## Study material
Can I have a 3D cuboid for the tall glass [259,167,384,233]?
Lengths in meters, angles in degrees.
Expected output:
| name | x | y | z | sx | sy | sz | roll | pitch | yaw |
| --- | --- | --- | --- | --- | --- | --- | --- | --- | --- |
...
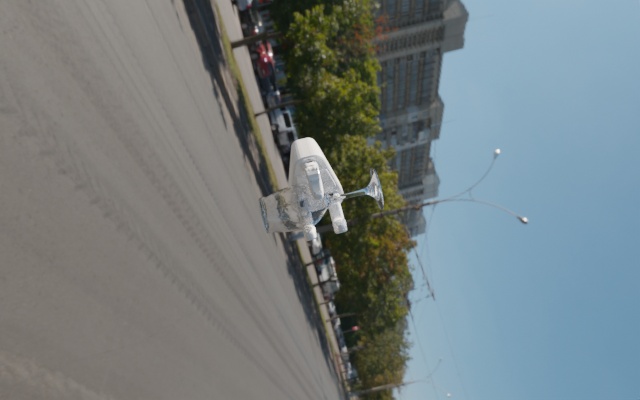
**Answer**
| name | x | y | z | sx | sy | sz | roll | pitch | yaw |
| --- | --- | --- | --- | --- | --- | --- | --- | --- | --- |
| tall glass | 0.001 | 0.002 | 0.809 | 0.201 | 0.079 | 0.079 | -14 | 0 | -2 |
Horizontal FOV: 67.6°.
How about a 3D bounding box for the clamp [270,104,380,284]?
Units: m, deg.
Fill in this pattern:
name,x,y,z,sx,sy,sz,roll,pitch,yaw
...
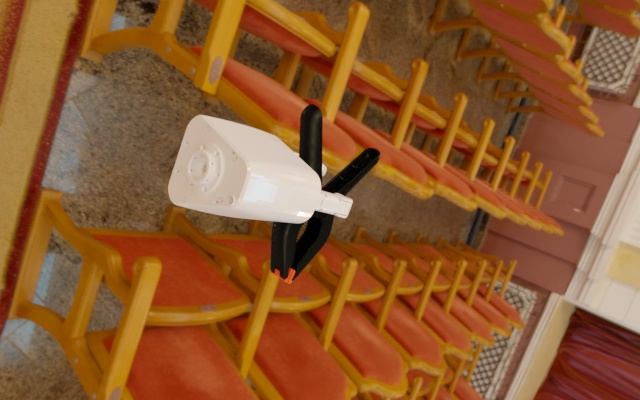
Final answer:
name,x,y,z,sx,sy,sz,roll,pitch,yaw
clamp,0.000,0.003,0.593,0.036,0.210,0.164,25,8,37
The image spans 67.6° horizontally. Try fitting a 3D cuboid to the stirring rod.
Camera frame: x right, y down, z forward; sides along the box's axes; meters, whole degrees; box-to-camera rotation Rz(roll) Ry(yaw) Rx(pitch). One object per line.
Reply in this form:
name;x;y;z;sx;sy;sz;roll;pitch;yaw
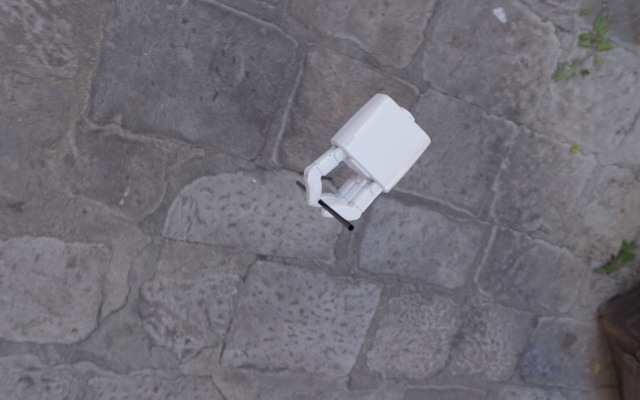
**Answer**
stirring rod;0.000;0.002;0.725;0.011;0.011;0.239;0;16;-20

--

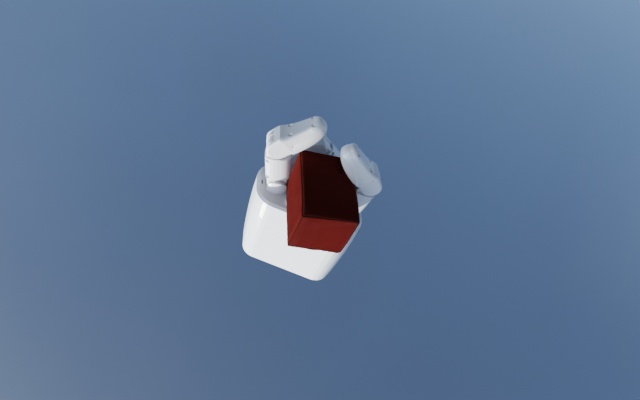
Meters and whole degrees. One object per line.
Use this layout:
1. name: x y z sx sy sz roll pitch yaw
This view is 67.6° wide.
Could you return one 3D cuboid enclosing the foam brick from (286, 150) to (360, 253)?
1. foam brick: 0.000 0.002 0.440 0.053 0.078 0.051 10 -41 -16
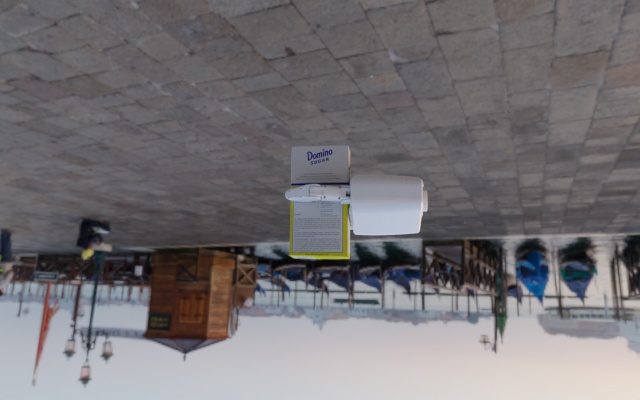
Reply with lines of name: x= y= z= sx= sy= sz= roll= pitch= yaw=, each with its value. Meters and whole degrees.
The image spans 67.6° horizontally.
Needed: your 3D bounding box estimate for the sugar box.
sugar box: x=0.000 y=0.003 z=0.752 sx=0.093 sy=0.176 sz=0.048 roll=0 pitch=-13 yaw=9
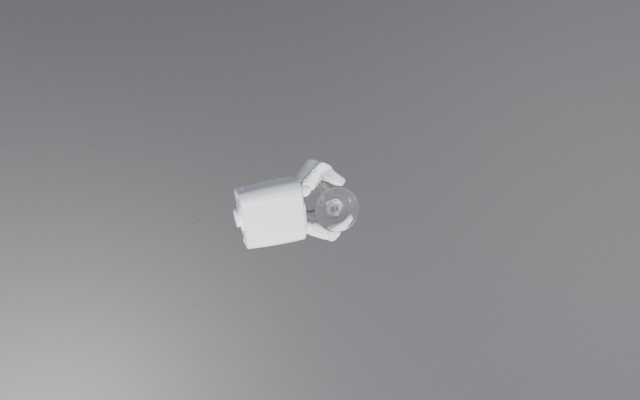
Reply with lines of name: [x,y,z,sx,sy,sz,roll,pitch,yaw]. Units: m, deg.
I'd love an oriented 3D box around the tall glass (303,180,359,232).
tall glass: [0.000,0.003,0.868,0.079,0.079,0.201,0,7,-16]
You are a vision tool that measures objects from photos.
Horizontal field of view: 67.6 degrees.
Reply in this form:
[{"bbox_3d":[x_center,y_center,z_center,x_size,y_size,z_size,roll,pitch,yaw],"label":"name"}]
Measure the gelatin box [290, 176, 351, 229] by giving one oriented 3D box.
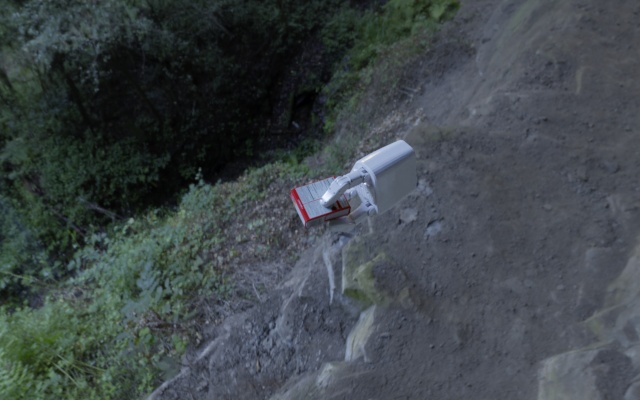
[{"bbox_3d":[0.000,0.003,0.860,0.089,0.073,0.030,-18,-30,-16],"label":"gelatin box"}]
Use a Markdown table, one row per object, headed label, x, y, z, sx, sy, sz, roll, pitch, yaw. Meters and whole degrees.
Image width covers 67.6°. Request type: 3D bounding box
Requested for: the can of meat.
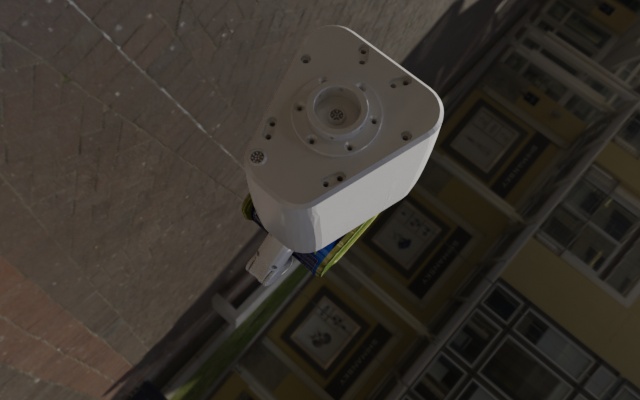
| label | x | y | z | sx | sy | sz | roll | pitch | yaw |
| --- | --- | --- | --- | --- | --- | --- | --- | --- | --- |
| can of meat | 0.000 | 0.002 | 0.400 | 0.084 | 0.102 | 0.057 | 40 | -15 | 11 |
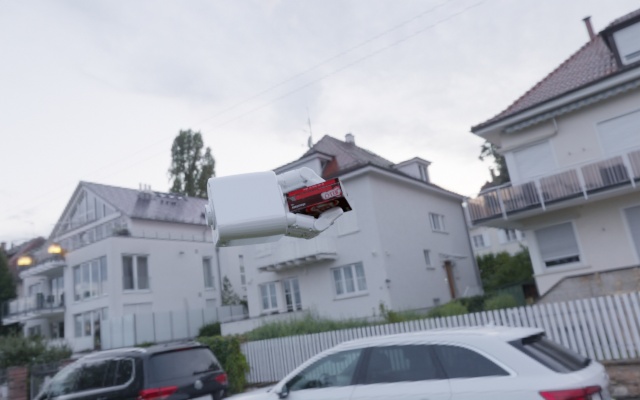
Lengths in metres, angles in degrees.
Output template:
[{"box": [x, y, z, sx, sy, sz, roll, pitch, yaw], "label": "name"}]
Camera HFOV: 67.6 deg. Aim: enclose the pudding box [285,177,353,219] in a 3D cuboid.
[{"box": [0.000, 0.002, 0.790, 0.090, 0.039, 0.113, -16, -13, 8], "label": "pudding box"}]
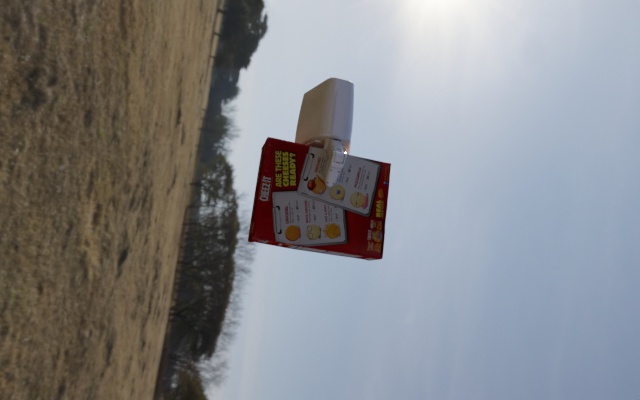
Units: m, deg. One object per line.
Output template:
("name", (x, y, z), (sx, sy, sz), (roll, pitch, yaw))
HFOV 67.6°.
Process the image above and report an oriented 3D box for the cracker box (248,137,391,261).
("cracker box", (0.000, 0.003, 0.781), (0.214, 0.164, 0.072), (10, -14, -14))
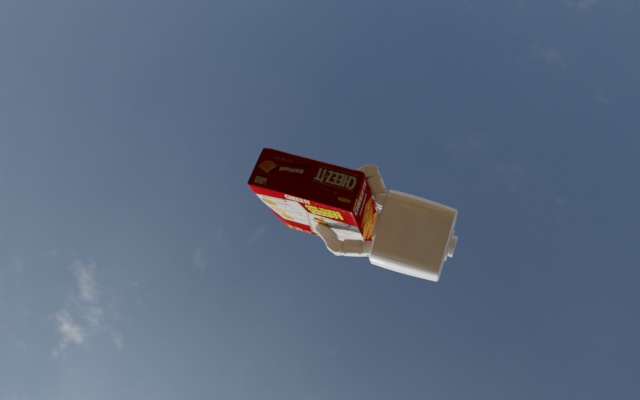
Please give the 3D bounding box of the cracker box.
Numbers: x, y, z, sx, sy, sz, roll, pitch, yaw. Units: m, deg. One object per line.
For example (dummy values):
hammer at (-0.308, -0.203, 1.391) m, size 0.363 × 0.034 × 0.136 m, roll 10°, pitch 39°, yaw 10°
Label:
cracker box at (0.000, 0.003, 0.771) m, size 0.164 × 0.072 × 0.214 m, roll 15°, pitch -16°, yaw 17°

## Your instructions
Word for word, write out the lines above running from the one with "Camera HFOV: 67.6" up to and including the one with "Please give the". Drop any picture.

## Result for this exercise
Camera HFOV: 67.6 deg. Aim: enclose the pudding box [285,177,353,219] in a 3D cuboid.
[{"box": [0.000, 0.002, 0.790, 0.090, 0.039, 0.113, -16, -13, 8], "label": "pudding box"}]
Units: m, deg. One object per line.
Output template:
("name", (x, y, z), (sx, sy, sz), (roll, pitch, yaw))
HFOV 67.6°.
Process the image above and report an oriented 3D box for the cracker box (248,137,391,261).
("cracker box", (0.000, 0.003, 0.781), (0.214, 0.164, 0.072), (10, -14, -14))
Please give the 3D bounding box of the cracker box.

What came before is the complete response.